After our successful presence on the LinuxDays conference in Prague, I have been asked by a Linux Expres for an interview, how I get to the Mozilla community, what I do there, etc. The article is not public yet The article went out today, but I have realized I never told this story to the Mozilla community itself. So take some popcorn and make yourself comfortable…

Back in times when I thought PowerPoint presentations are the masterpiece of computer science and their quality score is determined by the number of animations per slide, my Internet Explorer got sick. After an attempt to change the homepage in hope it will stop showing me ads everywhere, I have decided I need a new browser. I knew some people online and asked them for a recommendation, and their answers were Opera and Firefox. I never saw any of them in action before, so I dived into the dark unknown waters of the internet to download them for testing. My first impression from Opera was it’s too complex and complicated to change the homepage and import bookmarks, while Firefox did that all for me when I clicked all the Next > buttons. The winner was clear.

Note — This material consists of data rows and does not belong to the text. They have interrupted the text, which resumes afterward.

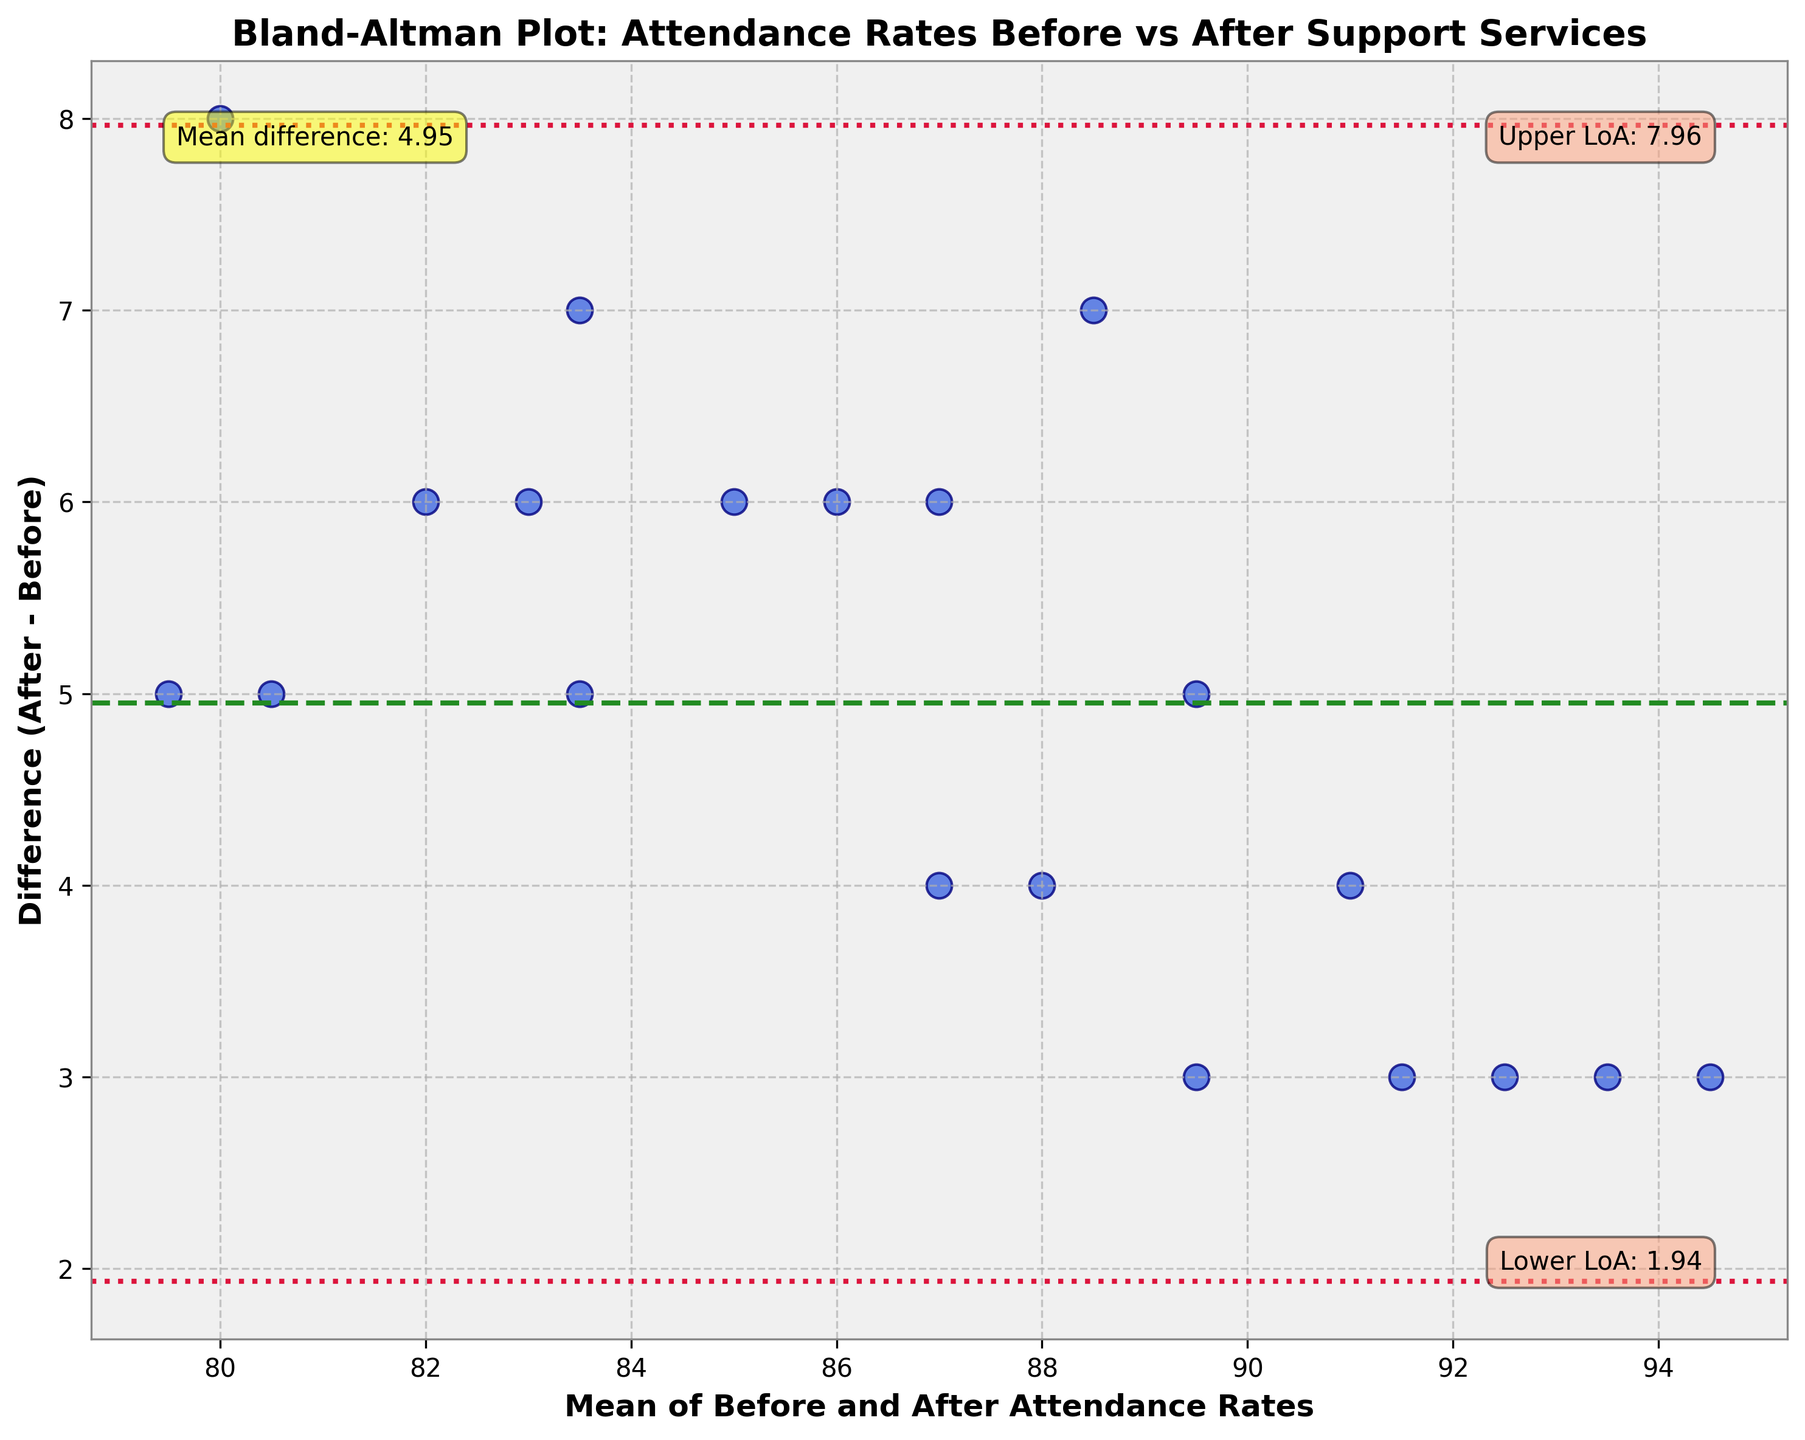What is the title of the plot? The title is located at the top of the plot and provides the main context for the data being visualized. In this case, it mentions that the plot compares attendance rates before and after the implementation of support services.
Answer: Bland-Altman Plot: Attendance Rates Before vs After Support Services How many data points are shown in the plot? The number of data points can be counted by observing the number of scattered points within the plot. Each point represents a student's attendance rate.
Answer: 20 What is the mean difference between attendance rates before and after implementing the new support services? The mean difference is illustrated by the horizontal dashed green line in the plot, and its value is annotated near the top left part within a yellow box.
Answer: 4.65 What are the upper and lower limits of agreement? The limits of agreement are represented by the dotted red lines in the plot and their values are annotated inside the plot with red boxes near the top right and bottom right corners respectively.
Answer: Upper: 7.97, Lower: 1.33 Is there any indication that most students have improved their attendance rates after the new services were implemented? This can be inferred by observing that most data points are above the zero difference line, indicating that the "After" rates are generally higher than the "Before" rates.
Answer: Yes What is the difference in attendance rates for the student with a mean attendance rate of 93? Identify the data point that has its mean value on the x-axis close to 93 and then observe its y-coordinate to find the difference in attendance rates.
Answer: 3 For a mean attendance rate of 80, how much did the attendance rate change? Locate the data point around the x-axis value of 80 and observe the corresponding y-value. This indicates the change in attendance rates.
Answer: 6 Which student showed the highest increase in attendance rate? The highest increase corresponds to the data point with the highest value on the y-axis (difference axis).
Answer: Ethan Taylor (8 points increase) Are any students' attendance rates the same before and after the support services were implemented? Look for any data points on the zero horizontal line (y=0), which would indicate no change.
Answer: No What range of attendance rate improvements did the majority of students experience? By referencing the vertical distribution of most data points around the mean difference line, we can estimate the common range of improvements.
Answer: Between 2 and 7 points

That was Firefox 2.0, way different from Internet Explorer. When exploring the user documentation to help me a bit, I found an information, that 3.0 is imminent. Wow, a browser that is being developed and will have a new version. Super cool for someone using the old IE! But the documentation did not helped me much actually, which drove me right into the registration form of the Czech community forum, and here my community story begins.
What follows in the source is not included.